SURABAYA (Lentera) - Sekretaris Jenderal Partai Demokrat, Herman Khaeron menggelar silaturahmi dan halal bihalal bersama ratusan kader Demokrat dari Kabupaten Gresik dan Lamongan di Kantor DPC Demokrat Gresik, Jumat (3/4/2026).
Dalam kegiatan tersebut, Herman menyampaikan salam dari Ketua Dewan Partai Demokrat Susilo Bambang Yudhoyono dan Ketua Umum Partai Demokrat Agus Harimurti Yudhoyono. Ia menegaskan, komitmen kader untuk mengemban amanah, termasuk menyukseskan program pemerintahan Presiden Prabowo Subianto.
“Ketum AHY tidak pernah meninggalkan tanggung jawab besar. Beliau terus menjaga kebesaran dan kemajuan Partai Demokrat, serta memikirkan bagaimana partai ini bisa memenangkan Pemilu mendatang,” ungkap Herman.
Ia juga menegaskan, bahwa semangat juang kader tidak boleh surut dan perjuangan politik tidak bisa dilakukan secara instan.
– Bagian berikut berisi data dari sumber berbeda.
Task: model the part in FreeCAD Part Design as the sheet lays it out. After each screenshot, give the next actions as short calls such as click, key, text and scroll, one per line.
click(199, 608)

“Perjuangan itu harus dimulai sekarang. Jangan menunggu pertempuran tiba. Kalau kita baru turun ke masyarakat saat mereka sudah didekati pihak lain, maka perjuangan akan jauh lebih mahal,” tegasnya.
Menurut Herman, pendekatan emosional kepada masyarakat hanya bisa dibangun melalui kehadiran yang konsisten.
“Kalau setiap hari kita hadir, berbagi, dan mengingatkan masyarakat, maka kepercayaan akan terbangun tanpa harus mengeluarkan biaya besar,” imbuhnya.
Ia juga menyampaikan, dirinya terus berkeliling ke berbagai daerah untuk memastikan struktur partai berjalan solid hingga tingkat bawah sesuai dengan AD/ART.
“Kita harus memahami situasi sosial masyarakat. Mereka butuh kehadiran kita dan keyakinan bahwa Demokrat punya solusi untuk masa depan,” jelasnya.
Herman turut mengajak, kader menghormati perjuangan Susilo Bambang Yudhoyono yang terus aktif turun ke masyarakat.
“Pak SBY bahkan naik bus keliling Jawa, berhenti di berbagai tempat, menyapa masyarakat. Itu bentuk tanggung jawab besar menjaga Demokrat tetap prospektif dan dicintai rakyat,” katanya.
Sementara itu, Ketua DPD Partai Demokrat Jatim, Emil Elestianto Dardak menyatakan bahwa Partai Demokrat merupakan wadah untuk berbuat bagi bangsa dan negara.
“Politik adalah wadah konkret dari apa yang terjadi di sekitar kita. Kalau dijalankan dengan semangat kekeluargaan, maka tantangan seberat apapun akan terasa lebih ringan,” ujar Emil.
Ia menilai, kehadiran Sekjen menjadi energi baru bagi kader di Jawa Timur untuk memperkuat konsolidasi dan meningkatkan kinerja politik.
“Kita harus terus memberikan pengabdian kepada masyarakat. Dalam suasana yang guyub seperti ini, kita juga menyerap banyak masukan,” tuturnya.
Emil juga menyoroti peran strategis Gresik dan Lamongan dalam pengembangan kawasan industri nasional serta pentingnya sinergi dalam mengawal program pemerintah pusat.
“Gresik dan Lamongan menjadi bagian penting pengembangan kawasan Pantura, termasuk sabuk industri. Kita di eksekutif juga punya tanggung jawab mengawal program Presiden Prabowo,” jelas pria yang kini menjabat Wakil Gubernur Jatim ini..
Ia menyebut, sejumlah pembangunan infrastruktur yang telah dirasakan masyarakat, seperti Jembatan Sembayat serta penanganan banjir di wilayah Benjeng dan Balongpanggang.
“Kita dorong pembangunan danau retensi agar air punya tempat ‘parkir’. Penataan tata ruang juga terus dilakukan agar lebih berkelanjutan,” pungkasnya.